▶ _What is needed_
The response should contain all of the records, copied exactly, and none of the images.

▶ _Data for the task_
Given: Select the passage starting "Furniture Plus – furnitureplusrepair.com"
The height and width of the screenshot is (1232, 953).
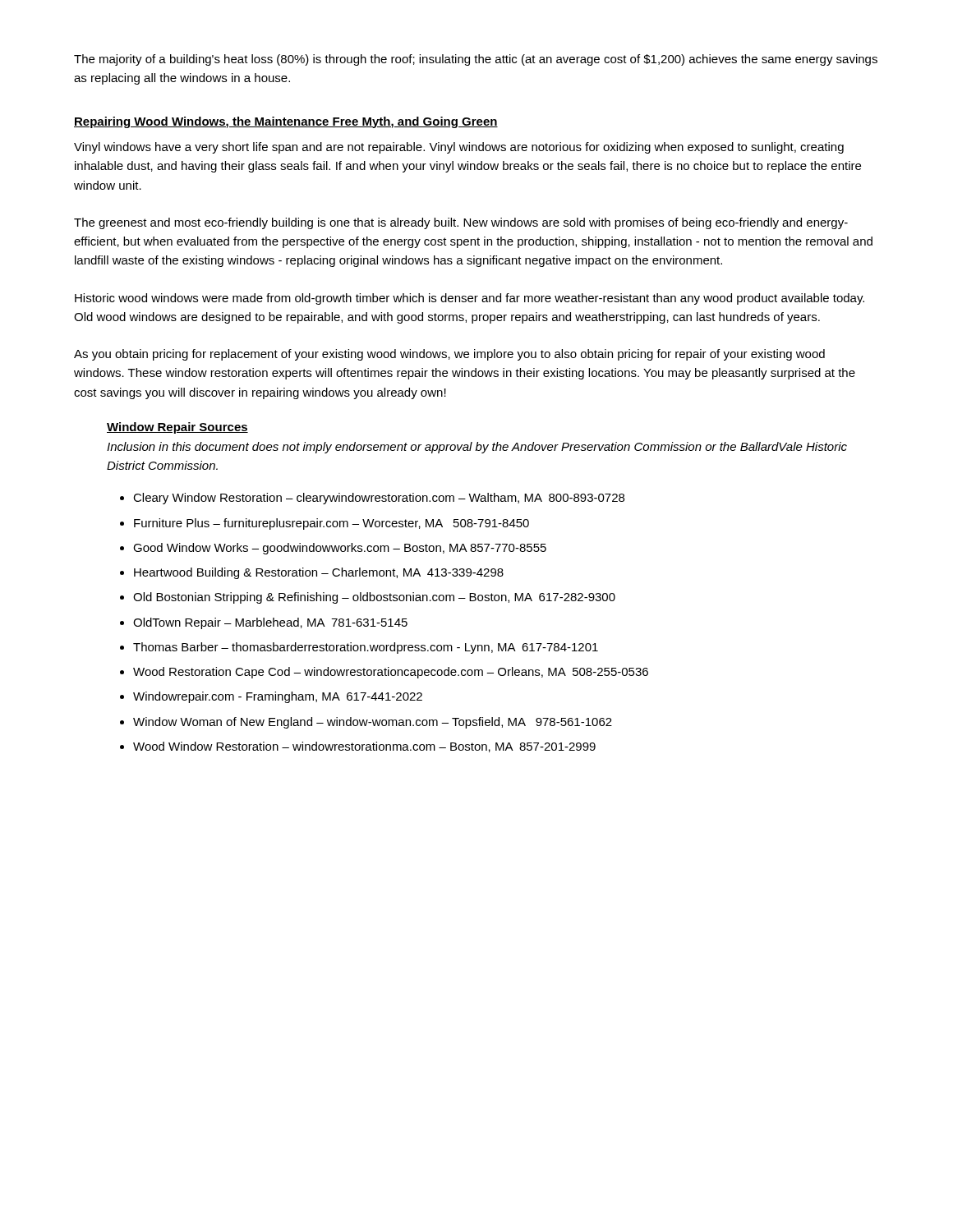Looking at the screenshot, I should point(331,522).
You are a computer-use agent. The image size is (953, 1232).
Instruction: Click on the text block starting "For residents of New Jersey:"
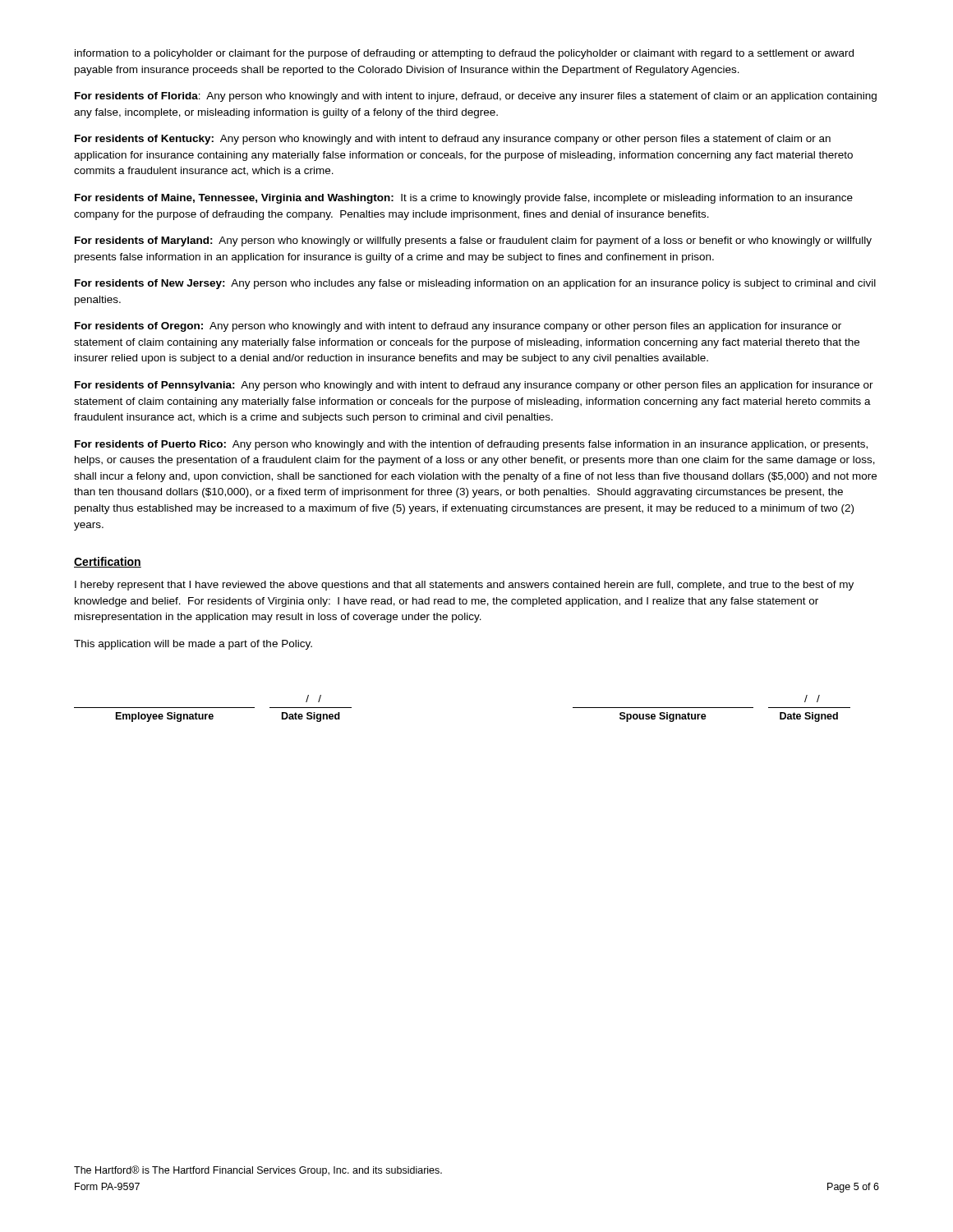tap(475, 291)

▶ _Response to the task_
Given: Select the passage starting "Furniture Plus – furnitureplusrepair.com"
The height and width of the screenshot is (1232, 953).
Looking at the screenshot, I should point(331,522).
You are a computer-use agent. The image size is (953, 1232).
Instruction: Click on the text block starting "For residents of New Jersey:"
tap(475, 291)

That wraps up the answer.